Mungkin kami datang di musim yang salah, ombak lumayan besar, hingga akhirnya kami harus mencari sebuah pulau untuk tempat kami mendirikan tenda dan bermalam, atas usul bapak yang punya kapal kami akan merapat ke dermaga pulau Bulat, menurut keterangan si bapak penjaga pulau, pulau ini dulunya tempat peristirahatan keluarga Cendana, “dulu mbak Tutut sering kesini mas” tutur si bapak penjaga pulau yang sudah mulai renta. Namun melihat kondisi pulau nya seperti sudah lama tidak terawat, dermaga nya juga sudah mulai rapuh bahkan sebagian sudah hancur di terjang ganasnya ombak yang menghempas.

Hiraukan yang di belakang saya
Hiraukan yang di belakang saya

Pagi menjelang, namun melihat kearah langit yang begitu kelam membuat saya sedikit khawatir, namun tawa-tawa ceria dari sahabat-sahabat saya pagi itu sambil berenang-renang di salah satu sisi pulau membuatku merasa tenang kembali, dan segera menceburkan diri bergabung dengan mereka, acara foto-foto ceria pun usai sudah ketika kami melihat perahu yang menjemput kami sudah datang, kami pun bergegas kembali ke tenda untuk membongkarnya dan mempersiapkan semuanya, namun hujan pun turun hingga kami semua harus basah kuyup, tapi seru sekali, semua bekerja sama bahu membahu untuk menyelesaikan semuanya.
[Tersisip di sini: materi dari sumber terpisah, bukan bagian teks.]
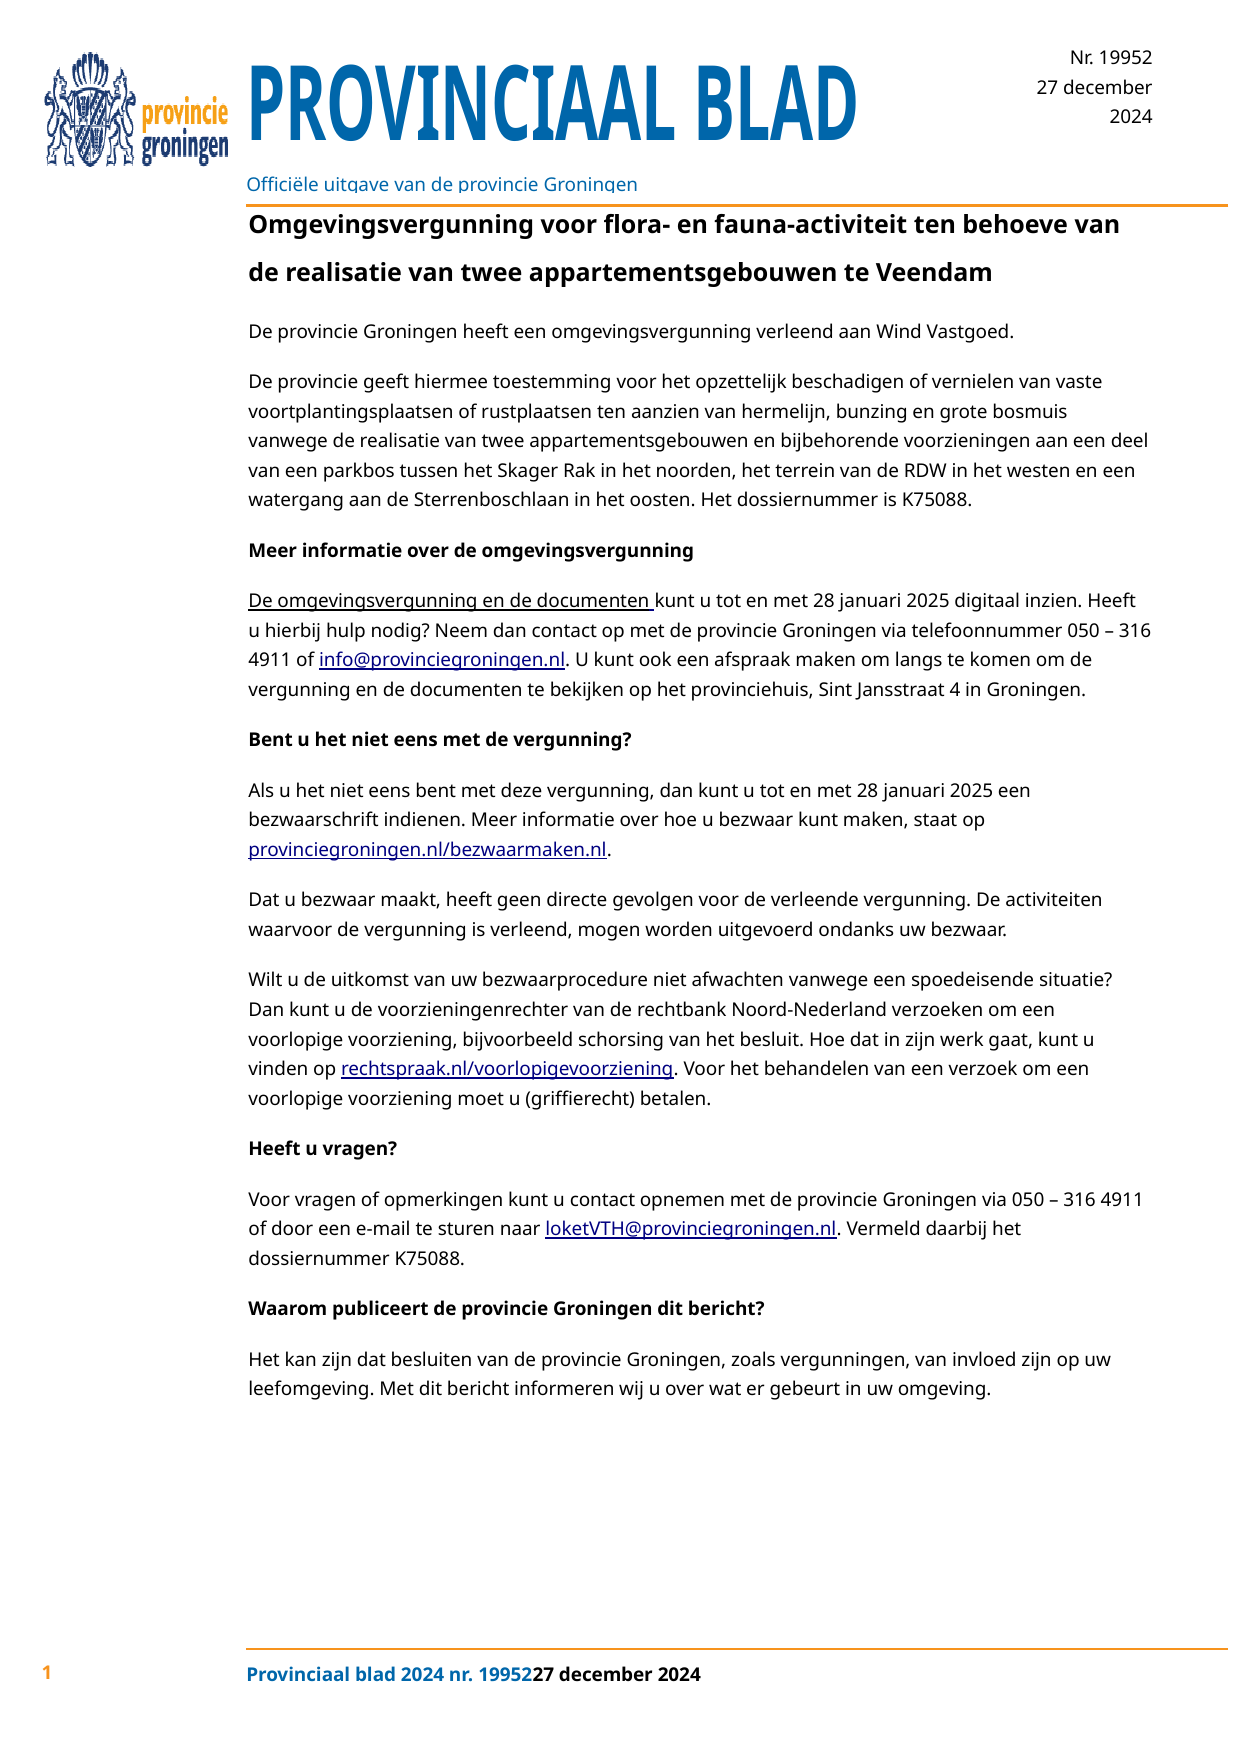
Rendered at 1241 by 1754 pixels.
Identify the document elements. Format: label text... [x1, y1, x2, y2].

text Omgevingsvergunning voor flora- en fauna-activiteit ten behoeve van de realisatie van twee appartementsgebouwen te Veendam [248, 207, 1152, 288]
text Wilt u de uitkomst van uw bezwaarprocedure niet afwachten vanwege een spoedeisende situatie? Dan kunt u de voorzieningenrechter van de rechtbank Noord-Nederland verzoeken om een voorlopige voorziening, bijvoorbeeld schorsing van het besluit. Hoe dat in zijn werk gaat, kunt u vinden op rechtspraak.nl/voorlopigevoorziening. Voor het behandelen van een verzoek om een voorlopige voorziening moet u (griffierecht) betalen. [248, 967, 1152, 1111]
text De provincie Groningen heeft een omgevingsvergunning verleend aan Wind Vastgoed. [248, 318, 1152, 344]
text Voor vragen of opmerkingen kunt u contact opnemen met de provincie Groningen via 050 – 316 4911 of door een e-mail te sturen naar loketVTH@provinciegroningen.nl. Vermeld daarbij het dossiernummer K75088. [248, 1186, 1152, 1271]
text Bent u het niet eens met de vergunning? [248, 727, 1152, 752]
picture [41, 47, 231, 172]
text De omgevingsvergunning en de documenten kunt u tot en met 28 januari 2025 digitaal inzien. Heeft u hierbij hulp nodig? Neem dan contact op met de provincie Groningen via telefoonnummer 050 – 316 4911 of info@provinciegroningen.nl. U kunt ook een afspraak maken om langs te komen om de vergunning en de documenten te bekijken op het provinciehuis, Sint Jansstraat 4 in Groningen. [248, 587, 1152, 702]
text Als u het niet eens bent met deze vergunning, dan kunt u tot en met 28 januari 2025 een bezwaarschrift indienen. Meer informatie over hoe u bezwaar kunt maken, staat op provinciegroningen.nl/bezwaarmaken.nl. [248, 777, 1152, 862]
text De provincie geeft hiermee toestemming voor het opzettelijk beschadigen of vernielen van vaste voortplantingsplaatsen of rustplaatsen ten aanzien van hermelijn, bunzing en grote bosmuis vanwege de realisatie van twee appartementsgebouwen en bijbehorende voorzieningen aan een deel van een parkbos tussen het Skager Rak in het noorden, het terrein van de RDW in het westen en een watergang aan de Sterrenboschlaan in het oosten. Het dossiernummer is K75088. [248, 368, 1152, 512]
text Het kan zijn dat besluiten van de provincie Groningen, zoals vergunningen, van invloed zijn op uw leefomgeving. Met dit bericht informeren wij u over wat er gebeurt in uw omgeving. [248, 1346, 1152, 1401]
text Dat u bezwaar maakt, heeft geen directe gevolgen voor de verleende vergunning. De activiteiten waarvoor de vergunning is verleend, mogen worden uitgevoerd ondanks uw bezwaar. [248, 887, 1152, 942]
text Meer informatie over de omgevingsvergunning [248, 537, 1152, 563]
text Heeft u vragen? [248, 1135, 1152, 1161]
text Waarom publiceert de provincie Groningen dit bericht? [248, 1295, 1152, 1321]
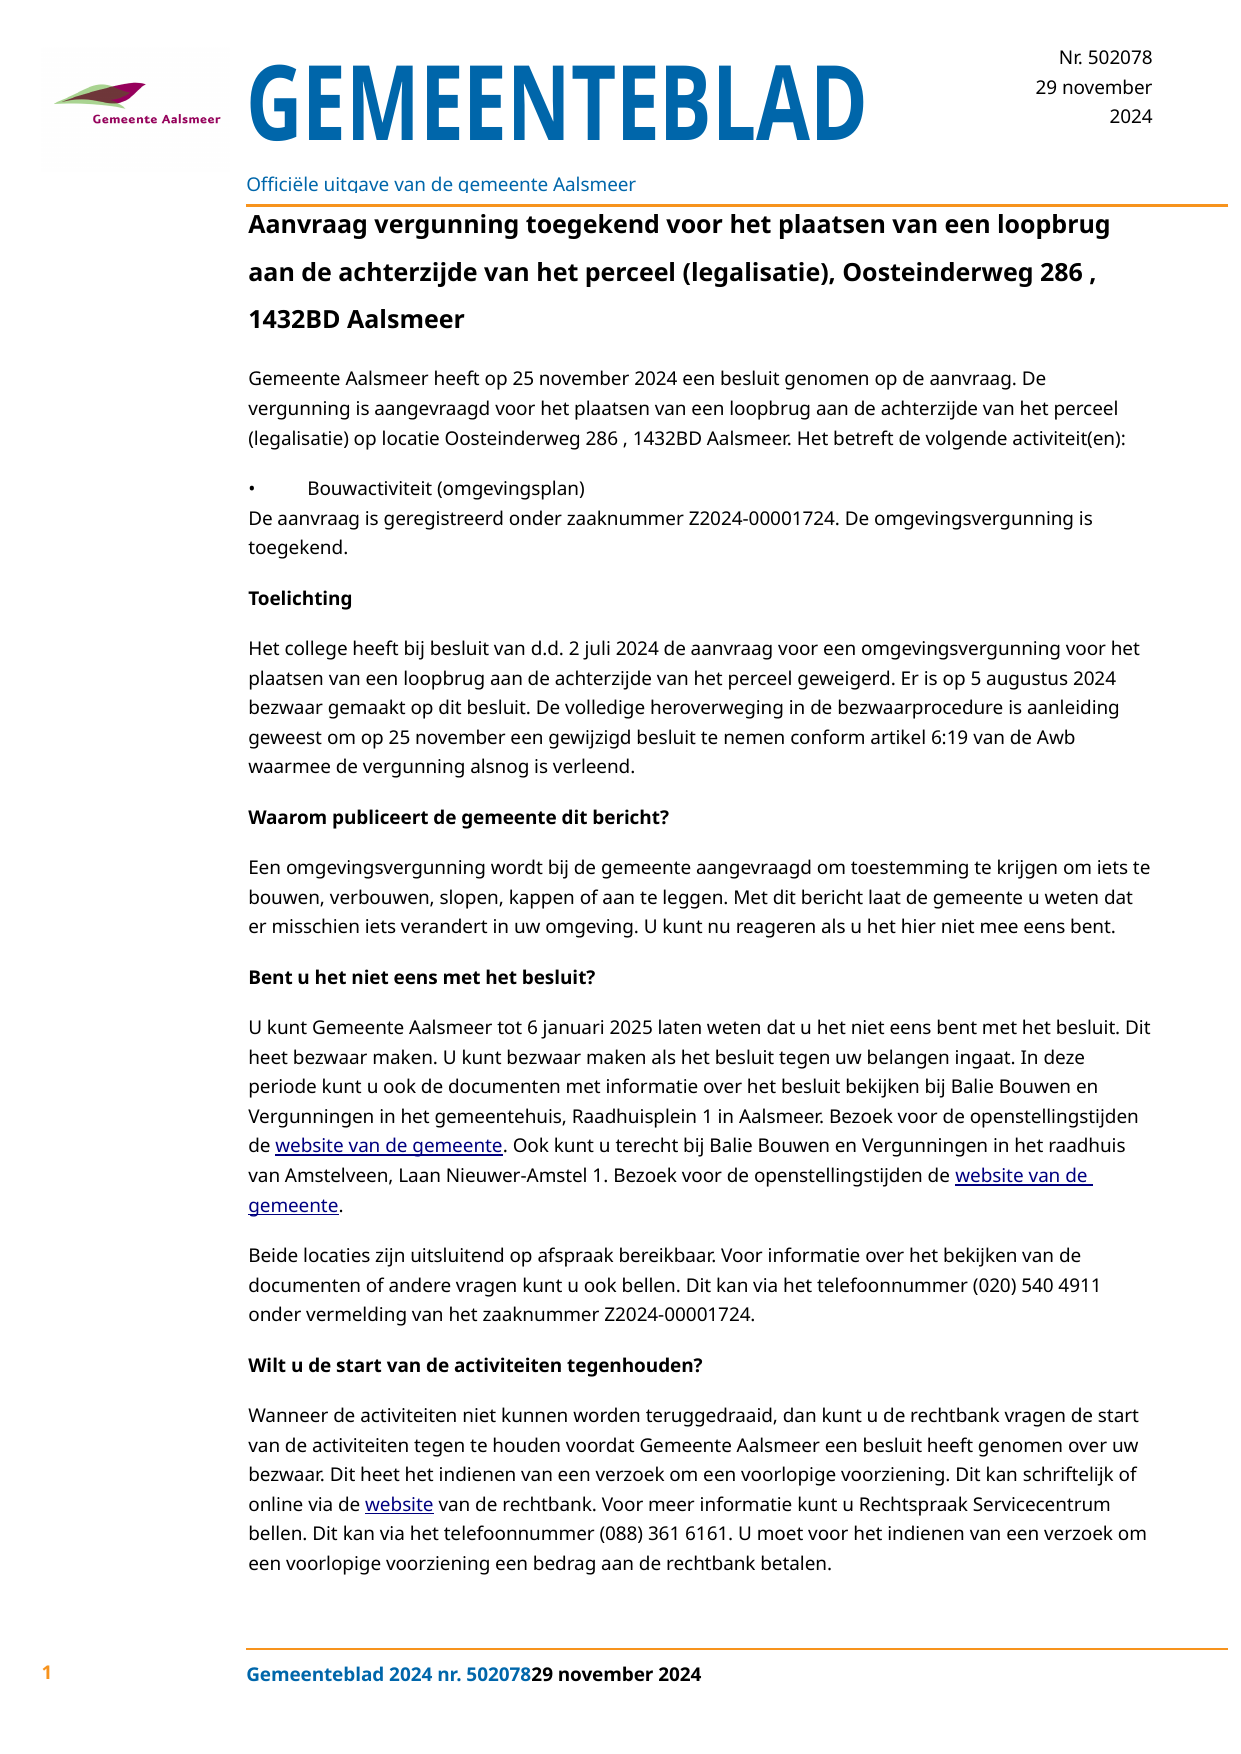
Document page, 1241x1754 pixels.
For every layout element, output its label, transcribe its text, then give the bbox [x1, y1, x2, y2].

text Waarom publiceert de gemeente dit bericht? [248, 804, 1152, 829]
text Wilt u de start van de activiteiten tegenhouden? [248, 1352, 1152, 1377]
text Toelichting [248, 585, 1152, 610]
text Gemeente Aalsmeer heeft op 25 november 2024 een besluit genomen op de aanvraag. De vergunning is aangevraagd voor het plaatsen van een loopbrug aan de achterzijde van het perceel (legalisatie) op locatie Oosteinderweg 286 , 1432BD Aalsmeer. Het betreft de volgende activiteit(en): [248, 366, 1152, 450]
picture [41, 47, 231, 172]
text Aanvraag vergunning toegekend voor het plaatsen van een loopbrug aan de achterzijde van het perceel (legalisatie), Oosteinderweg 286 , 1432BD Aalsmeer [248, 207, 1152, 336]
text Wanneer de activiteiten niet kunnen worden teruggedraaid, dan kunt u de rechtbank vragen de start van de activiteiten tegen te houden voordat Gemeente Aalsmeer een besluit heeft genomen over uw bezwaar. Dit heet het indienen van een verzoek om een voorlopige voorziening. Dit kan schriftelijk of online via de website van de rechtbank. Voor meer informatie kunt u Rechtspraak Servicecentrum bellen. Dit kan via het telefoonnummer (088) 361 6161. U moet voor het indienen van een verzoek om een voorlopige voorziening een bedrag aan de rechtbank betalen. [248, 1402, 1152, 1576]
list Bouwactiviteit (omgevingsplan) [248, 475, 1152, 501]
text U kunt Gemeente Aalsmeer tot 6 januari 2025 laten weten dat u het niet eens bent met het besluit. Dit heet bezwaar maken. U kunt bezwaar maken als het besluit tegen uw belangen ingaat. In deze periode kunt u ook de documenten met informatie over het besluit bekijken bij Balie Bouwen en Vergunningen in het gemeentehuis, Raadhuisplein 1 in Aalsmeer. Bezoek voor de openstellingstijden de website van de gemeente. Ook kunt u terecht bij Balie Bouwen en Vergunningen in het raadhuis van Amstelveen, Laan Nieuwer-Amstel 1. Bezoek voor de openstellingstijden de website van de gemeente. [248, 1014, 1152, 1217]
text Bent u het niet eens met het besluit? [248, 964, 1152, 989]
text Het college heeft bij besluit van d.d. 2 juli 2024 de aanvraag voor een omgevingsvergunning voor het plaatsen van een loopbrug aan de achterzijde van het perceel geweigerd. Er is op 5 augustus 2024 bezwaar gemaakt op dit besluit. De volledige heroverweging in de bezwaarprocedure is aanleiding geweest om op 25 november een gewijzigd besluit te nemen conform artikel 6:19 van de Awb waarmee de vergunning alsnog is verleend. [248, 635, 1152, 779]
text De aanvraag is geregistreerd onder zaaknummer Z2024-00001724. De omgevingsvergunning is toegekend. [248, 505, 1152, 560]
text Beide locaties zijn uitsluitend op afspraak bereikbaar. Voor informatie over het bekijken van de documenten of andere vragen kunt u ook bellen. Dit kan via het telefoonnummer (020) 540 4911 onder vermelding van het zaaknummer Z2024-00001724. [248, 1242, 1152, 1327]
text Een omgevingsvergunning wordt bij de gemeente aangevraagd om toestemming te krijgen om iets te bouwen, verbouwen, slopen, kappen of aan te leggen. Met dit bericht laat de gemeente u weten dat er misschien iets verandert in uw omgeving. U kunt nu reageren als u het hier niet mee eens bent. [248, 854, 1152, 939]

Lambaian bapak penjaga pulau kearah perahu kami yang mulai menjauh dari dermaga pulau indah itu seolah mengucapkan selamat tinggal ke kami, bahkan salah satu penjaga pulau renta itu sempat cerita kepada saya, “jika musim badai kami juga makan seadanya mas”, semoga Tuhan senantiasa menjaga bapak-bapak penjaga pulau itu.

Kami pun merapat ke pulau kayu angin bira untuk menikmati keindahan pulau ini, sungguh indah menurut saya, namun cuaca mendung kurang mendukung untuk melancarkan hobi memotret saya, dan si Keni (kamera canon butut) saya juga seolah enggan untuk keluar dari dalam tas kamera saya yang sudah mulai using dan rapuh, tapi saya tidak akan bisa berbagi dengan teman-teman jika tidak ada satupun dokumentas di pulau ini, si Keni pun saya paksa untuk berkeliling pulau, hanya sedikit yang bisa saya abadikan, setelah melihat jam kami pun bergegas untuk kembali ke kapal karena harus mengikuti jadwal kapal regular dari pulau kelapa ke pelabuhan Muara angke. Dan tepat pukul 16.00 WIb kami pun merapat di daratan Jawa, hingga akhirnya kami harus berpisah sekaligus berakhirlah petualangan kecil ini.

Terimakasih sahabat-sahabat ku, Terima kasih Tuhan atas nikmat karunia keindahan negeriku ini, dari kami yang selalu rindu pantai dan laut-Mu.